Secure transaction server is verified supplier's authentication request and visit supplier's subscriber authorisation;
Secure transaction server transmits the authentification of user result according to described checking to supplier's computer system; And
According to the authentification of user result who transmits from secure transaction server, authorized user visit supplier computer system.
4, method according to claim 3, wherein, the step that the user attempts visiting supplier's computer system may further comprise the steps: submit an operational motion request to supplier's computer system.
5, method according to claim 3, wherein, the mobile device authenticating party is the mobile phone that can be connected communicatedly with mobile telephone network, wireless Internet or aforesaid any combination as wireless network, and described method further may further comprise the steps:
The Mobile Directory Number that supplier's computer system will be used to visit the user cipher of this computer system and user name and mobile phone associate and
When the user attempted visiting supplier's computer system, the user only imported Mobile Directory Number at supplier's computer systems division.

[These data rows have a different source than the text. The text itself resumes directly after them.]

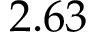<formula> <loc_0><loc_0><loc_500><loc_500>2 . 6 3</formula> 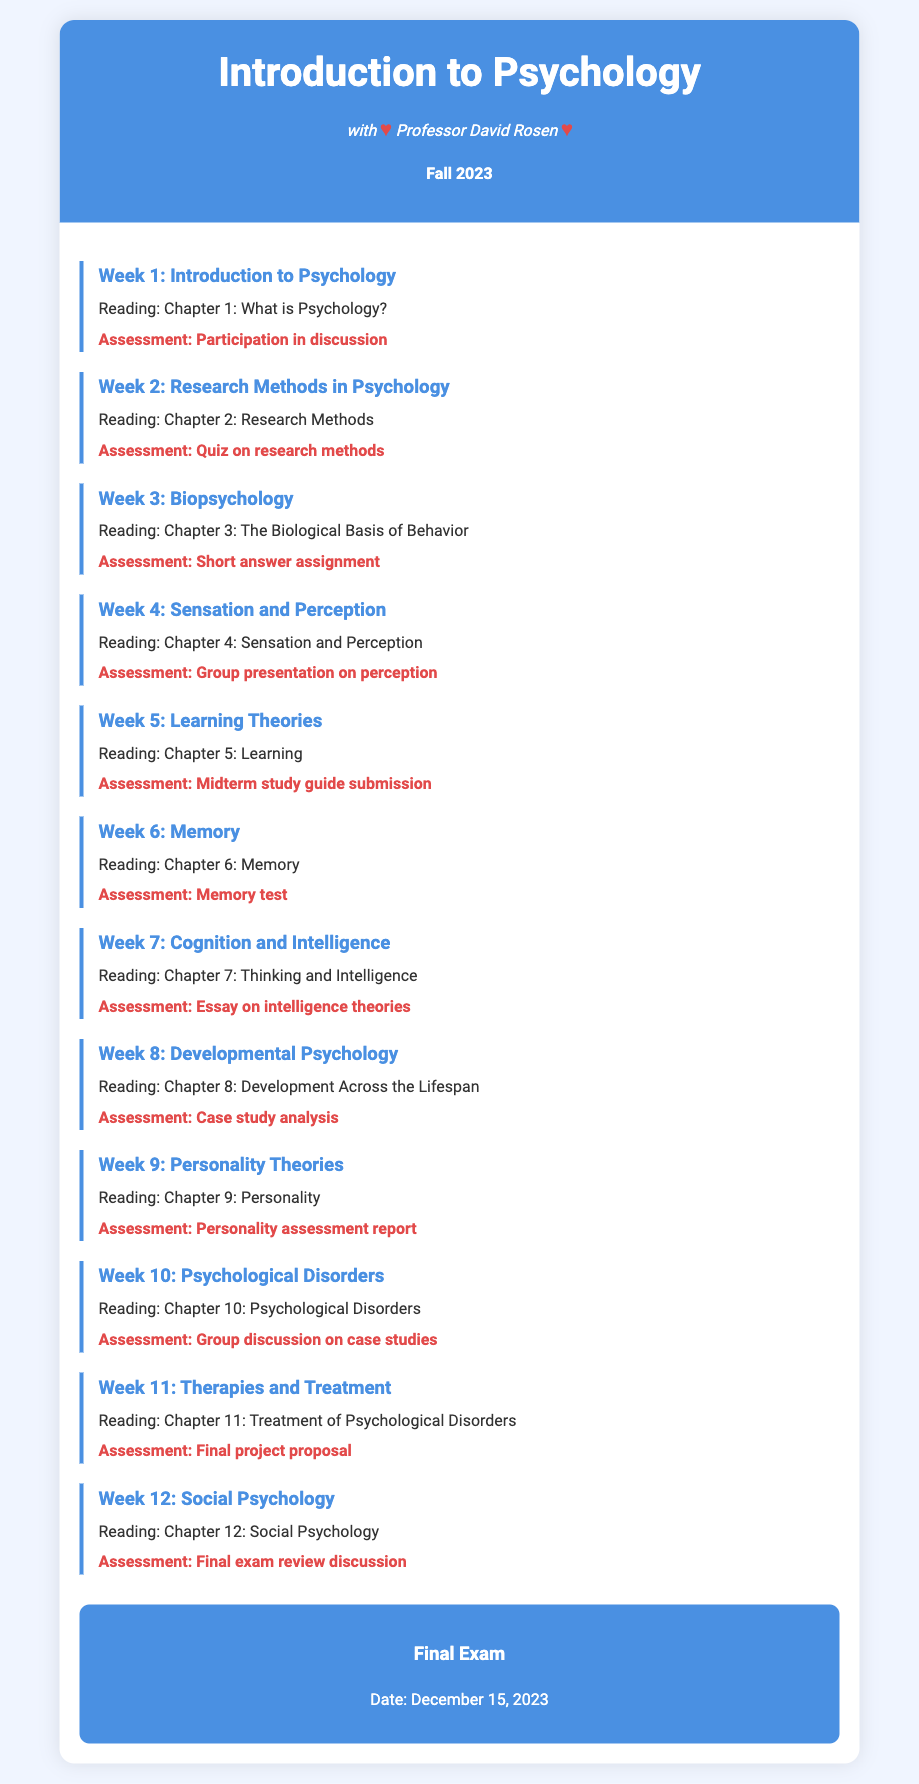What is the title of the course? The title is specified in the header of the document.
Answer: Introduction to Psychology Who is the instructor of the course? The instructor's name is mentioned directly under the course title.
Answer: Professor David Rosen What is the semester for this course? The semester is noted below the instructor's name in the header section.
Answer: Fall 2023 In which week is the topic "Personality Theories" covered? The week in which this topic is discussed is labeled clearly in the week section of the syllabus.
Answer: Week 9 What reading is assigned for Week 6? The specific reading for Week 6 is listed under its corresponding week header in the document.
Answer: Chapter 6: Memory What type of assessment is given for "Developmental Psychology"? The assessment type for this week is indicated under the corresponding week section of the syllabus.
Answer: Case study analysis When is the final exam scheduled? The date of the final exam is prominently displayed in the final assessment section of the document.
Answer: December 15, 2023 What is the assessment method for Week 4's topic? The method of assessment for Week 4 is specified in the agenda under that week.
Answer: Group presentation on perception How many weeks are included in the syllabus? The number of weeks can be counted based on the week sections detailed in the document.
Answer: 12 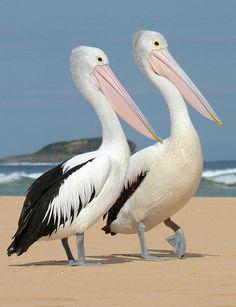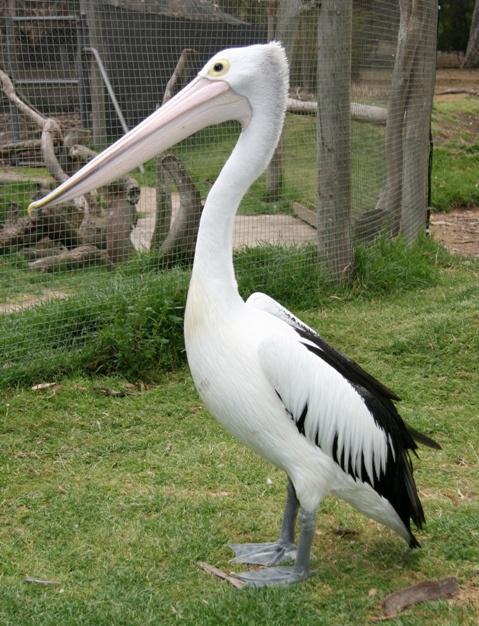The first image is the image on the left, the second image is the image on the right. For the images displayed, is the sentence "One of the images contains exactly two birds." factually correct? Answer yes or no. Yes. 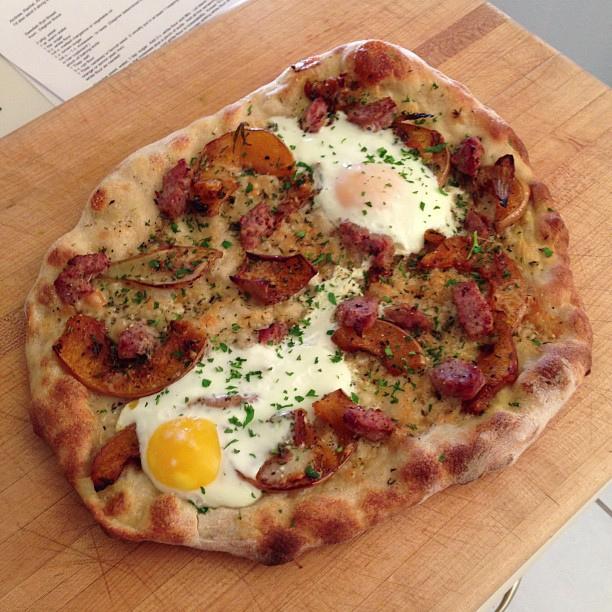What type of pizza is this?
Concise answer only. Breakfast pizza. Are there fried eggs on the pizza?
Answer briefly. Yes. What kind of pizza is this?
Give a very brief answer. Breakfast. Are there bacon pieces included in the food?
Quick response, please. Yes. 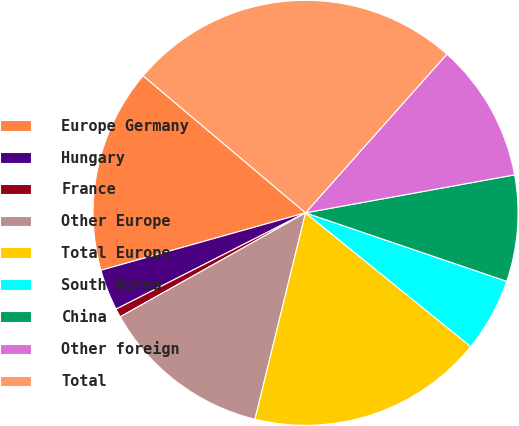Convert chart. <chart><loc_0><loc_0><loc_500><loc_500><pie_chart><fcel>Europe Germany<fcel>Hungary<fcel>France<fcel>Other Europe<fcel>Total Europe<fcel>South Korea<fcel>China<fcel>Other foreign<fcel>Total<nl><fcel>15.51%<fcel>3.13%<fcel>0.65%<fcel>13.04%<fcel>17.99%<fcel>5.61%<fcel>8.08%<fcel>10.56%<fcel>25.42%<nl></chart>

6, method according to claim 3, wherein, the step that the user attempts visiting supplier's computer system may further comprise the steps: use username and password to sign in to supplier's computer system.
7, method according to claim 3, wherein, wireless network is the Internet, and described method further may further comprise the steps:
But secure transaction server writes down the Internet Protocol address that transmits a plurality of mobile device authenticating parties of user's authentication authorization request to secure transaction server,
Wherein, secure transaction server further may further comprise the steps supplier's authentication request and visit supplier's the step verified of subscriber authorisation: the Internet Protocol address of each mobile device authenticating party is compared with corresponding parameters for authentication.
8, method according to claim 3, wherein, the step that transmits the authentification of user result to supplier's computer system further may further comprise the steps: transmit Validation Code by secure transaction server to the mobile device authenticating party and to supplier's computer system,
Wherein, supplier's computer system is authorized visit in response to authentification of user result and user's input validation code of secure transaction server.
9, method according to claim 3, wherein, supplier's computer system comprises the internet website log-on webpage, and transactional marking is presented on this log-on webpage, as distinguishing computing machine and human full-automatic openly turing test.
10, method according to claim 1, wherein, the mobile device authenticating party is and the mobile phone that can be connected communicatedly as the mobile telephone network of wireless network or wireless Internet or aforesaid any combination.
11, method according to claim 1, wherein, the individual identification clauses and subclauses are 4 or the more Personal Identification Number, user's biological characteristic recognition information of multidigit, perhaps aforesaid any combination.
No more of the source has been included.